Do you shake your beans in the trainers beforehand for added depth and character? :classic_laugh:


----------



## ZiggyMarley (Jan 9, 2019)

Blue_Cafe said:


> Do you shake your beans in the trainers beforehand for added depth and character?


 my trainers are as fresh as a daisy!!


----------



## MediumRoastSteam (Jul 7, 2015)

@ZiggyMarley - just Make sure the steam wand is not dripping on the corner or edge of the drip tray. This is one of the gripes I have, the drip tray could've been slightly longer so the steam tip would be inside it and not at the edge of it. That in itself would not have been s problem if there weren't gaps in the corners where the panels are joined, which causes the water to drip onto the base / chassis of the machine under the drip tray. Very annoying indeed!

also, you may want to remove that "lock" sticker whist the machine is new, if you want to do that of course.


----------



## ZiggyMarley (Jan 9, 2019)

MediumRoastSteam said:


> @ZiggyMarley - just Make sure the steam wand is not dripping on the corner or edge of the drip tray. This is one of the gripes I have, the drip tray could've been slightly longer so the steam tip would be inside it and not at the edge of it. That in itself would not have been s problem if there weren't gaps in the corners where the panels are joined, which causes the water to drip onto the base / chassis of the machine under the drip tray. Very annoying indeed!
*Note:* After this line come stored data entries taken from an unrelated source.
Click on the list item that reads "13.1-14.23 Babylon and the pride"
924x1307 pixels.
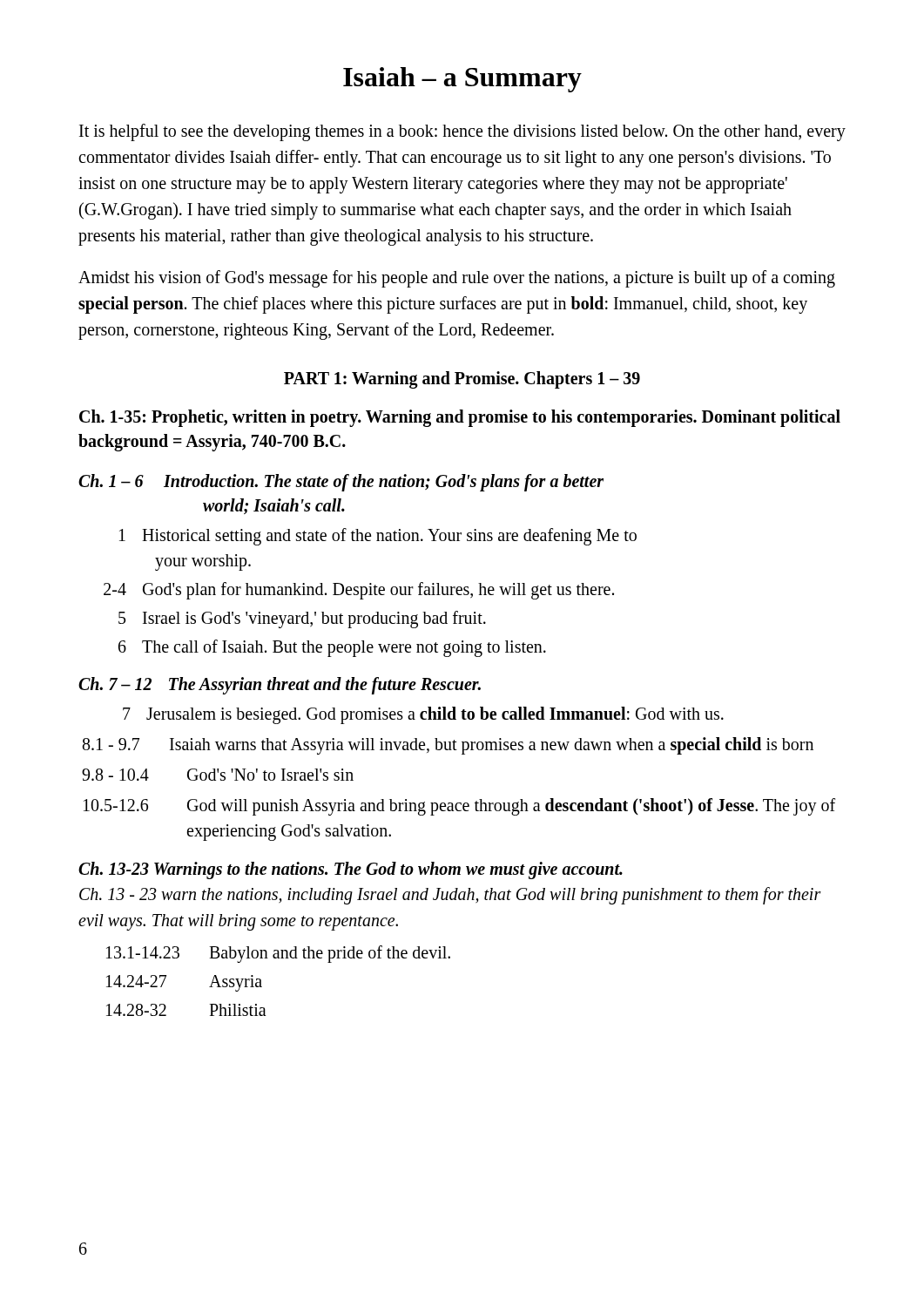278,954
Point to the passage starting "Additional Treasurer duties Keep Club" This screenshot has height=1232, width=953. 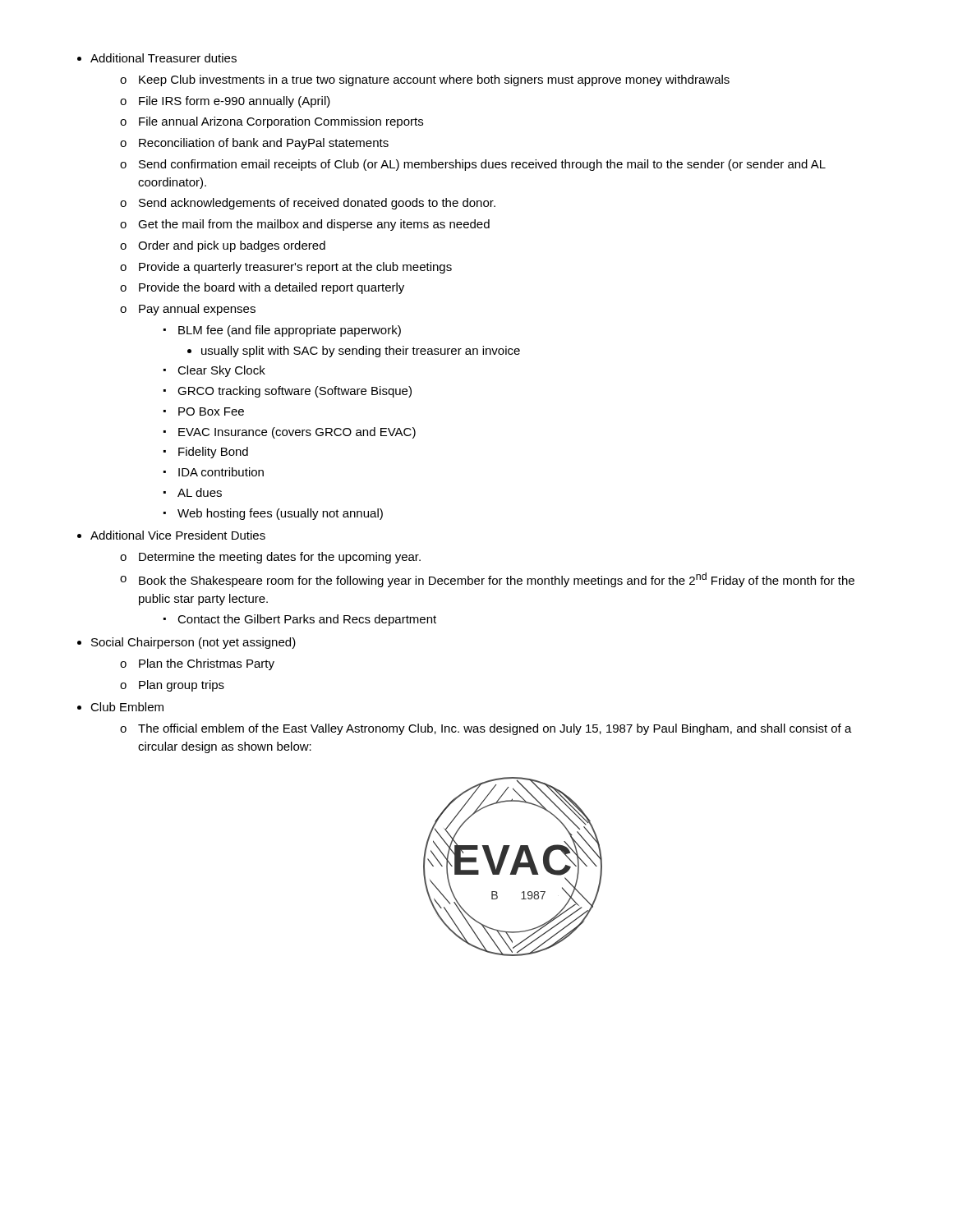point(163,58)
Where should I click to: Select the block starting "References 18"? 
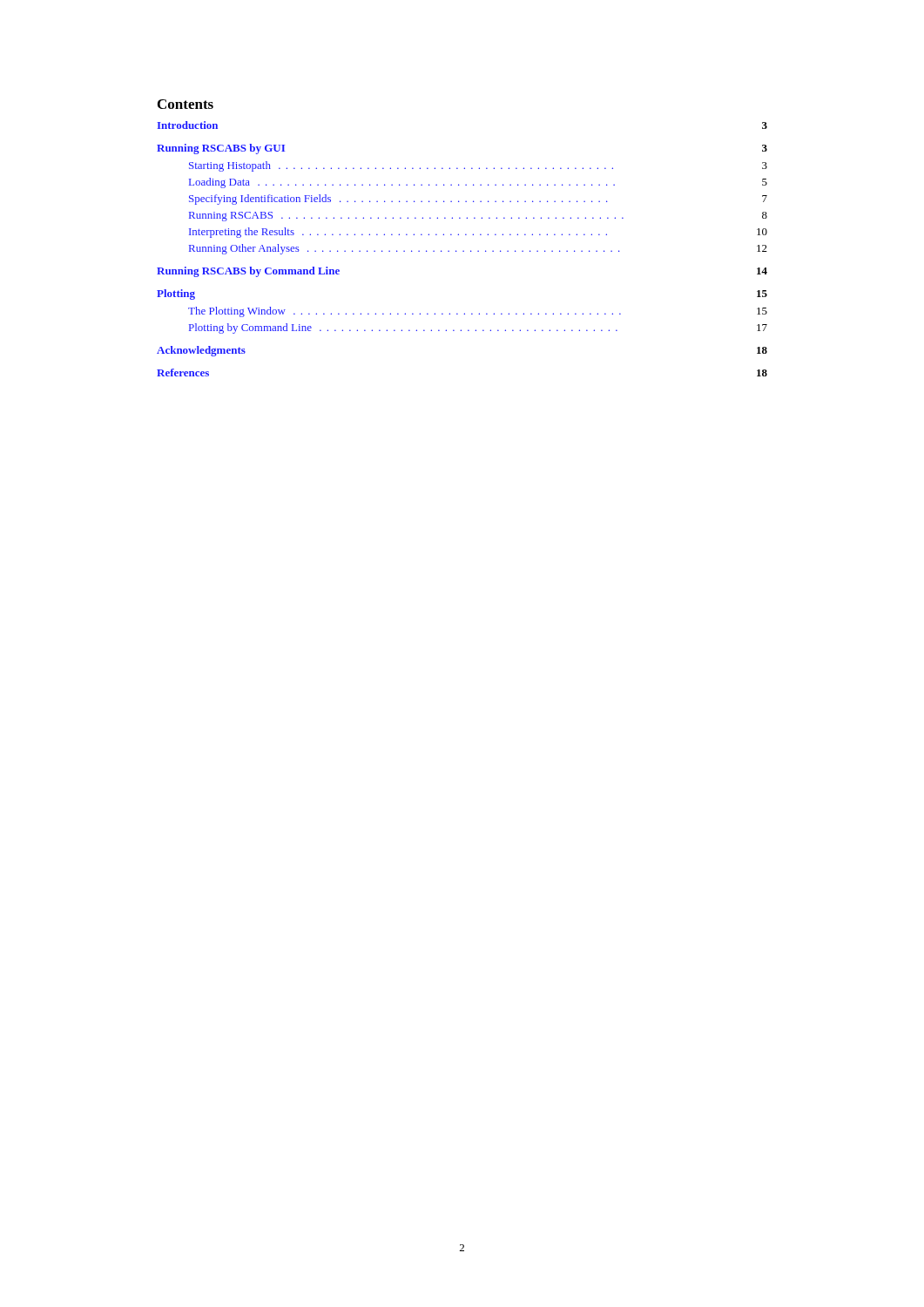pos(183,372)
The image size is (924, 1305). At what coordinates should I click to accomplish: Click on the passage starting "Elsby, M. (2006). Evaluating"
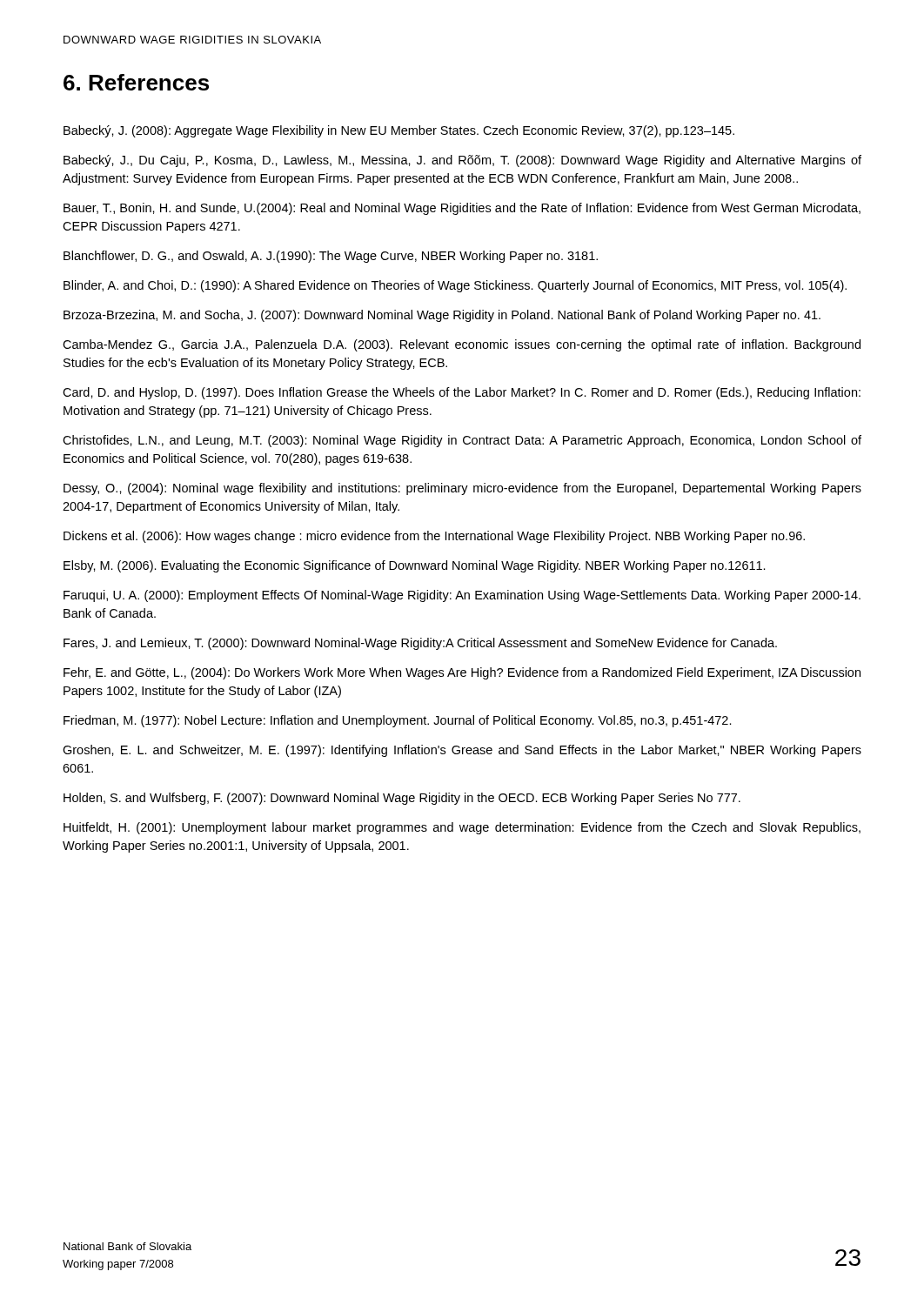pyautogui.click(x=414, y=566)
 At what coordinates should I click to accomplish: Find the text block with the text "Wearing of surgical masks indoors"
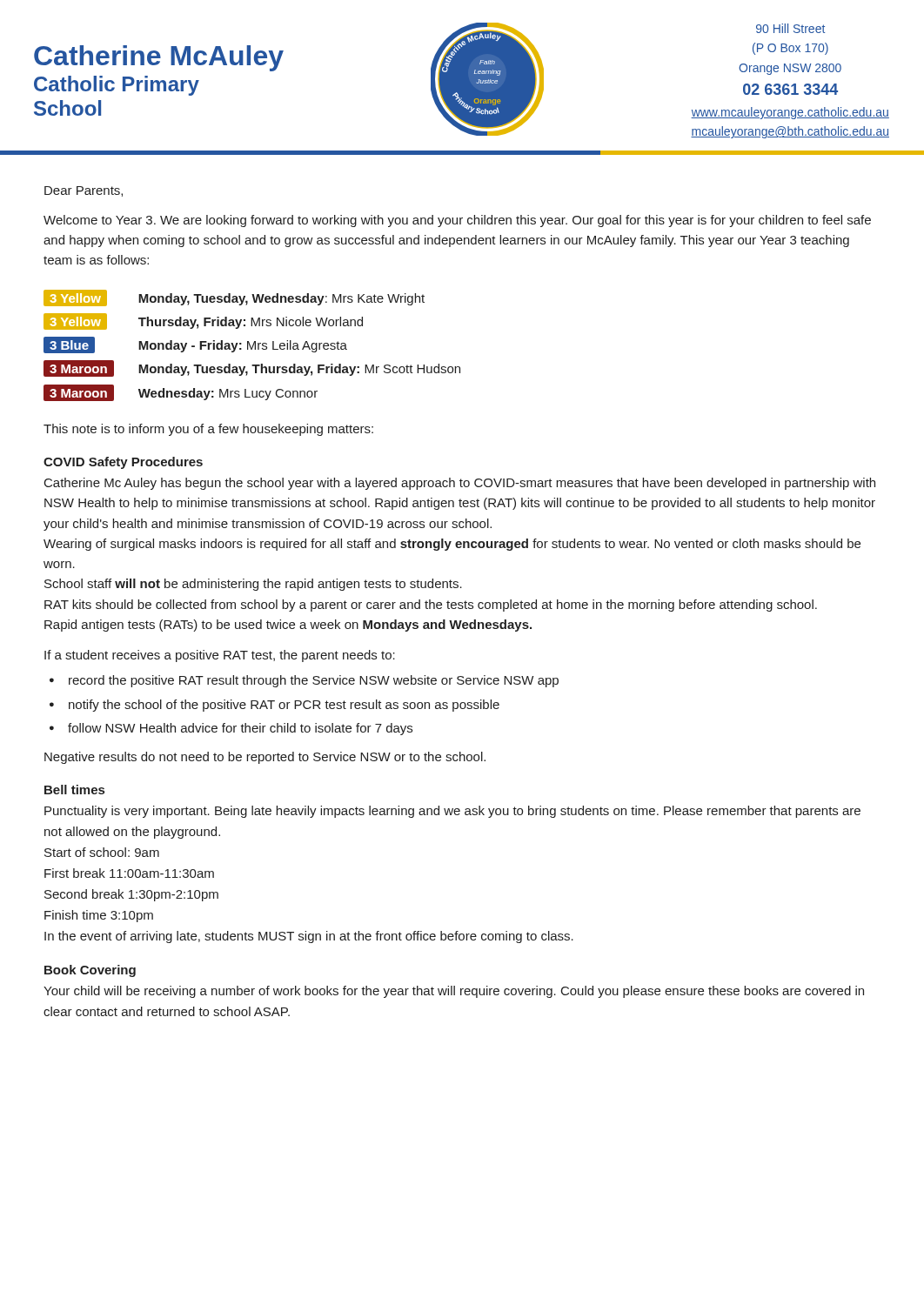click(x=452, y=553)
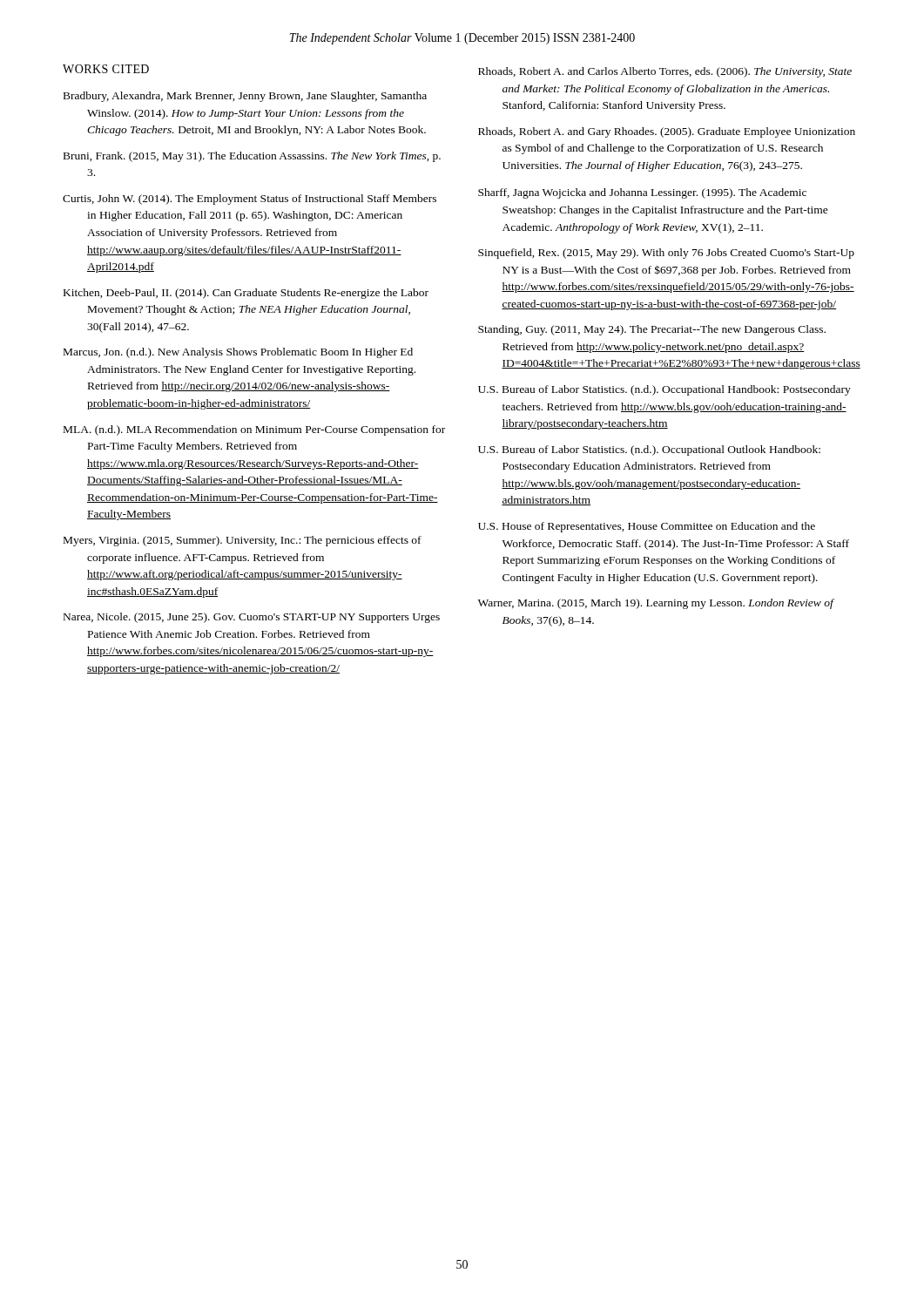Where does it say "WORKS CITED"?

pyautogui.click(x=106, y=69)
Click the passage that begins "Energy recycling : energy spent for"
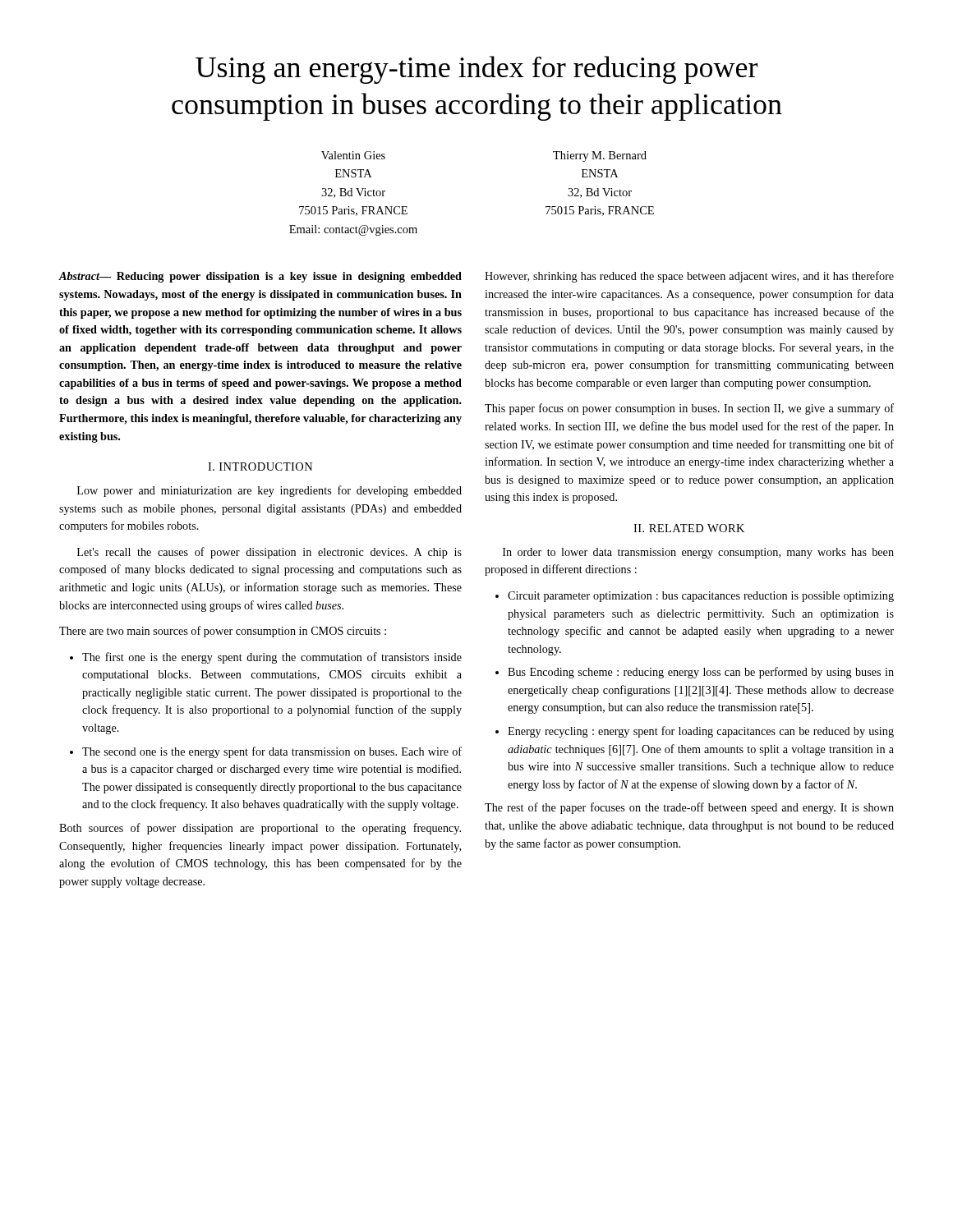The image size is (953, 1232). pos(701,758)
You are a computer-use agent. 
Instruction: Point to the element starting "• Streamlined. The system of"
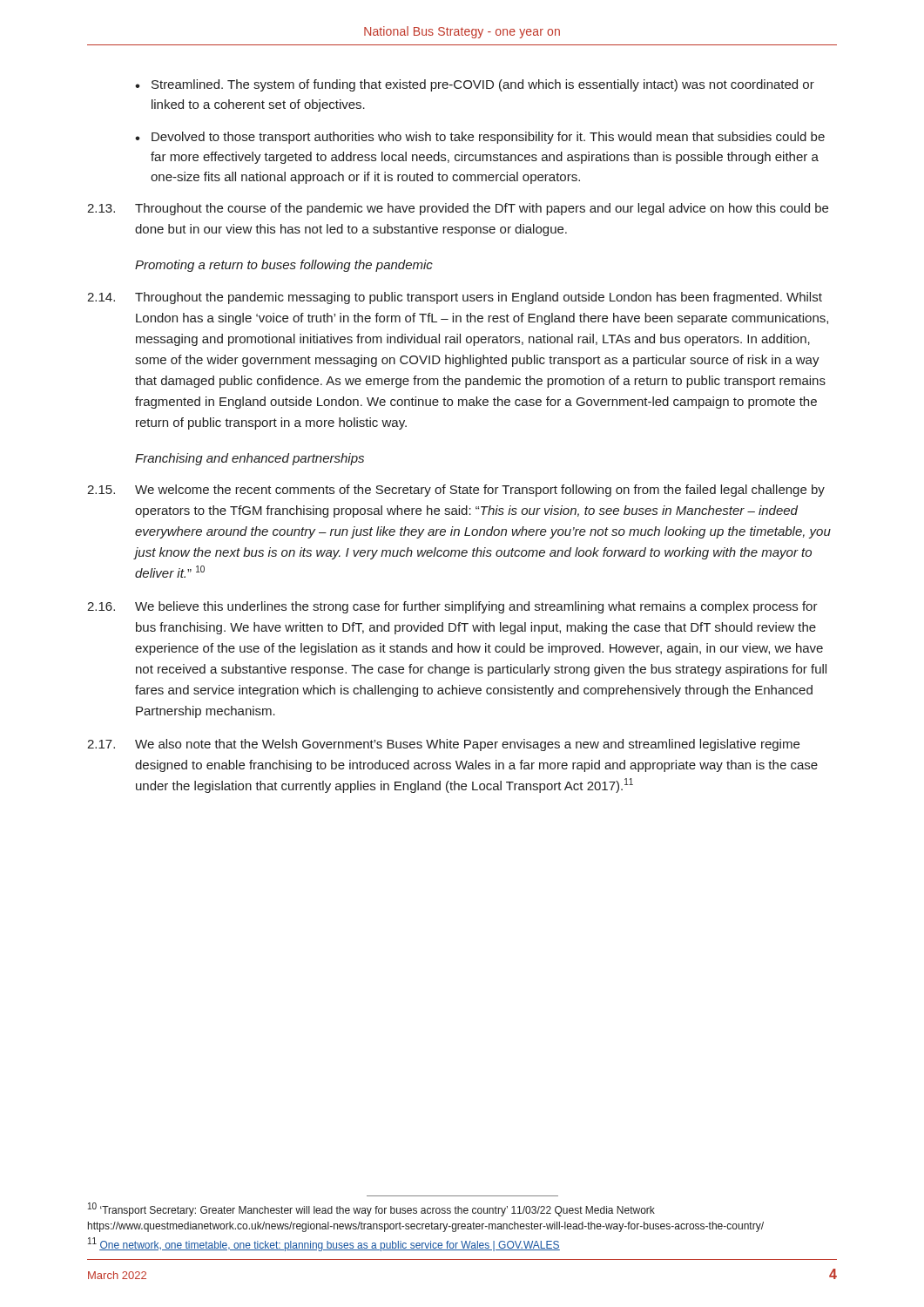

 thank you - i'll go and check it now!


----------



## ZiggyMarley (Jan 9, 2019)

MediumRoastSteam said:


> also, you may want to remove that "lock" sticker whist the machine is new, if you want to do that of course.


 that'll remain as an aid-memoir for the Mrs as she has no mechanical sympathy or awareness


----------



## allyburns (Sep 27, 2020)

Very nice, If my order request to Germany goes okay, I will have a similar setup!



Lelit PL91T Victoria


White Niche Zero (arriving December  )


@ZiggyMarleyHow did you decide between white and black Niche? I agonized over the decision but think white looks classier!

Thanks for sharing your setup, makes me feel good about my choices.


----------



## ZiggyMarley (Jan 9, 2019)

allyburns said:


> ZiggyMarleyHow did you decide between white and black Niche? I agonized over the decision but think white looks classier!


 genuinely- I tossed a coin!


----------



## allyburns (Sep 27, 2020)

ZiggyMarley said:


> genuinely- I tossed a coin!


 Haha, that's one way to do it! I asked a few folk and to my dismay they all said black. What a #firstworldproblem to have! White will match my cups too!


----------